- [WORK REQUIRED]
Whenever a line below holds the word "pixels", count it; then give the total and nothing else.

- [SOURCE MATERIAL]
BEGIN
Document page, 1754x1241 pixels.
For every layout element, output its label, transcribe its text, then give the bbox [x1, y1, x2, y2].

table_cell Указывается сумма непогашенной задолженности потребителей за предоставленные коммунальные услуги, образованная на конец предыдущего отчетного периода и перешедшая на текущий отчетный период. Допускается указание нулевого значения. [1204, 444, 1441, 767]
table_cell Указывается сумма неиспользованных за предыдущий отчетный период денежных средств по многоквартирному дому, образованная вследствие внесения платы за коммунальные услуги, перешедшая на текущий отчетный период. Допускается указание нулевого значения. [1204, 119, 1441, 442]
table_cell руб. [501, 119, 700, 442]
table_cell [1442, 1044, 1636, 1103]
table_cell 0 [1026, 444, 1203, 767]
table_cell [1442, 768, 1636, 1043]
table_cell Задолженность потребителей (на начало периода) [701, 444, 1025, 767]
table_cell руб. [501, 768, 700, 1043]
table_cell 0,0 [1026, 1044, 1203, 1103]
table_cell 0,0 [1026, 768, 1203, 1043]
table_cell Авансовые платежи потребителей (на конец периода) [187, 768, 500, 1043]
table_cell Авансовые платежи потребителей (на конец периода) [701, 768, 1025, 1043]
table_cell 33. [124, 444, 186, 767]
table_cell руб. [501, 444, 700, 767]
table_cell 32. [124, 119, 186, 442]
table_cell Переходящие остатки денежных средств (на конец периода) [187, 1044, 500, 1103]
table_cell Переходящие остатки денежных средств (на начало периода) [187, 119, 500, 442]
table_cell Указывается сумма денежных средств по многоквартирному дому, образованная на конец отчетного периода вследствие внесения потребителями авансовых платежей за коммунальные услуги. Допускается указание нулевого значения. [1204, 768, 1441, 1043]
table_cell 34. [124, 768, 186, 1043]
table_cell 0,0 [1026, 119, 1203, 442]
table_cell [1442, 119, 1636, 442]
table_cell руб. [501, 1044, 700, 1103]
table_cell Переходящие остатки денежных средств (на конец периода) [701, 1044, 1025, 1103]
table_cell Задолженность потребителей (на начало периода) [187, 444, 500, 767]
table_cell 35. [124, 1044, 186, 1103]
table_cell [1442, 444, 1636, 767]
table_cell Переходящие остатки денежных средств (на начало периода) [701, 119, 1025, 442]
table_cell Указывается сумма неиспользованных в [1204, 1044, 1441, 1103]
END
BEGIN
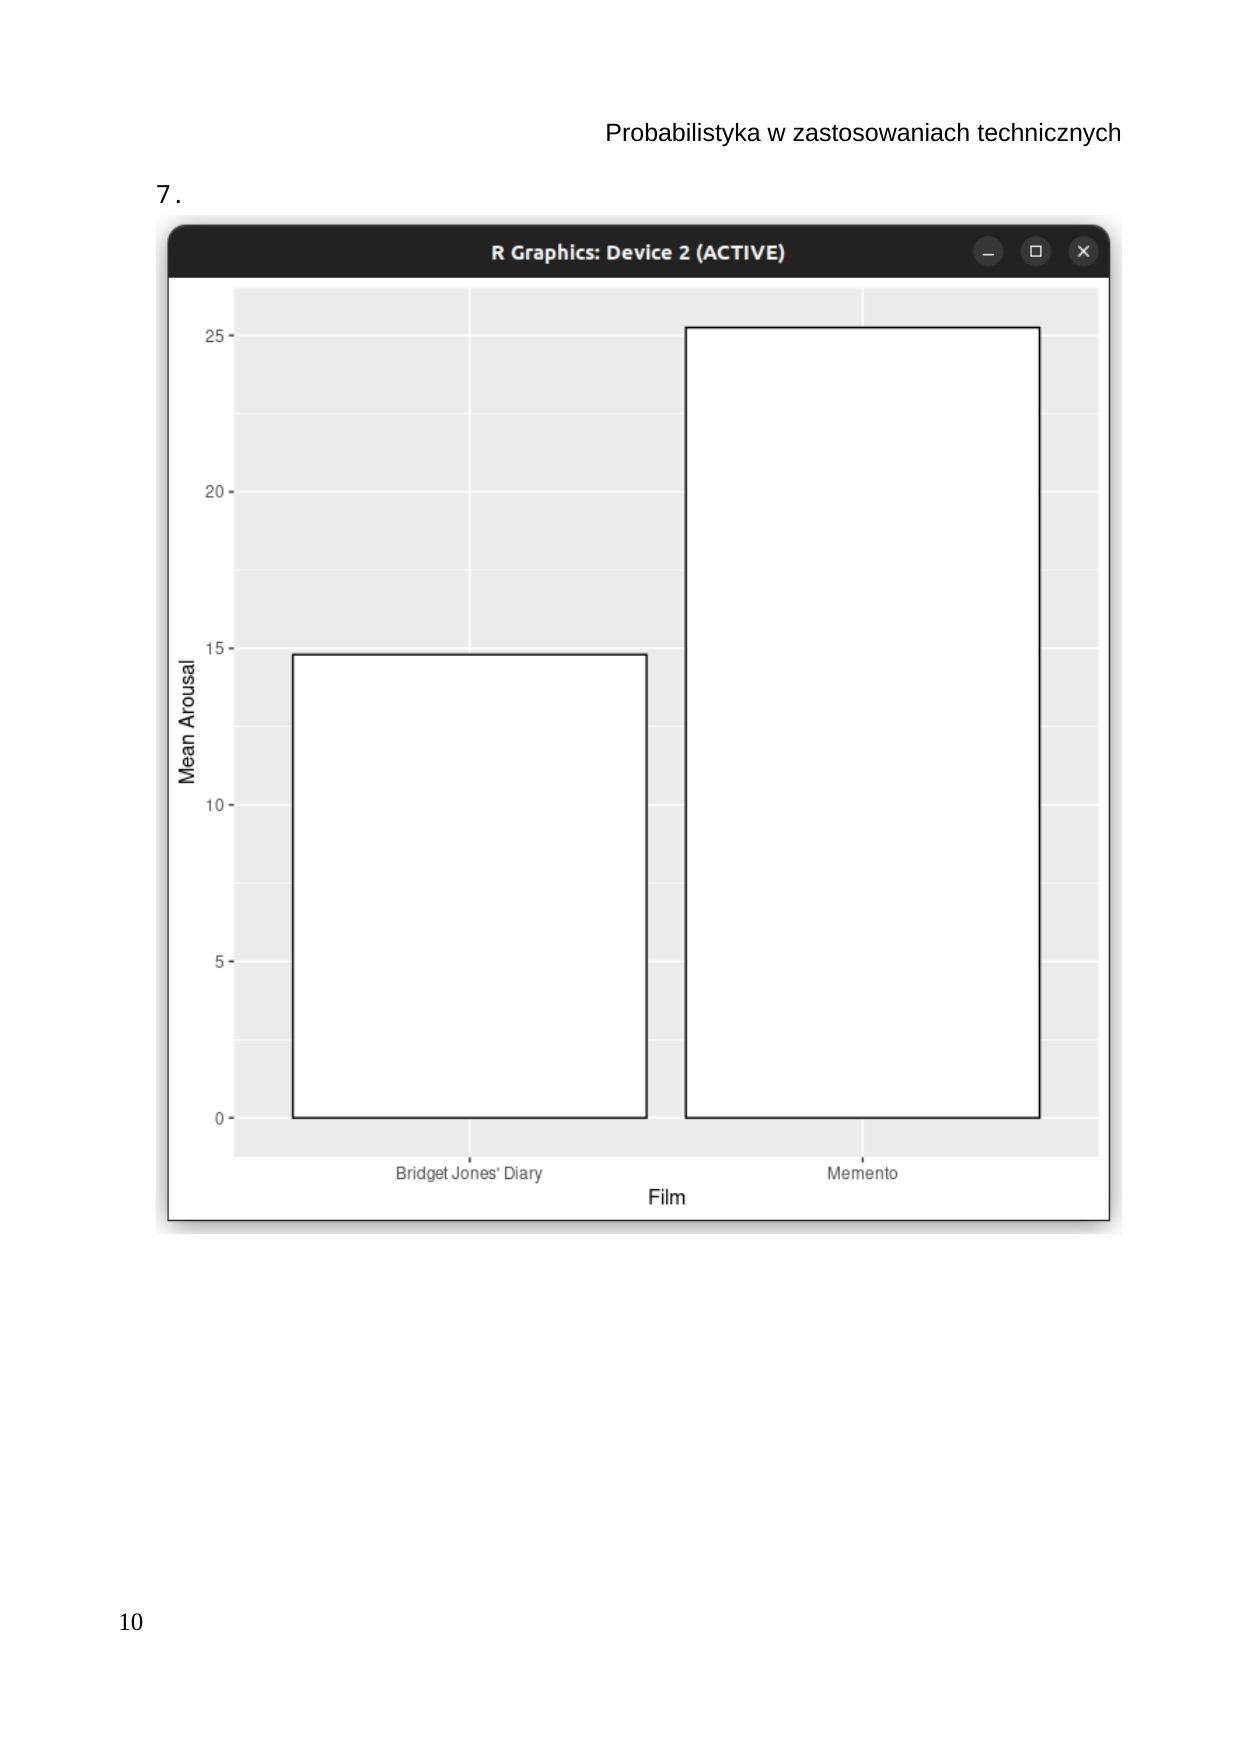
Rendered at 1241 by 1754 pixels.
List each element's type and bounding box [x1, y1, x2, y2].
END
- [RESULT]
2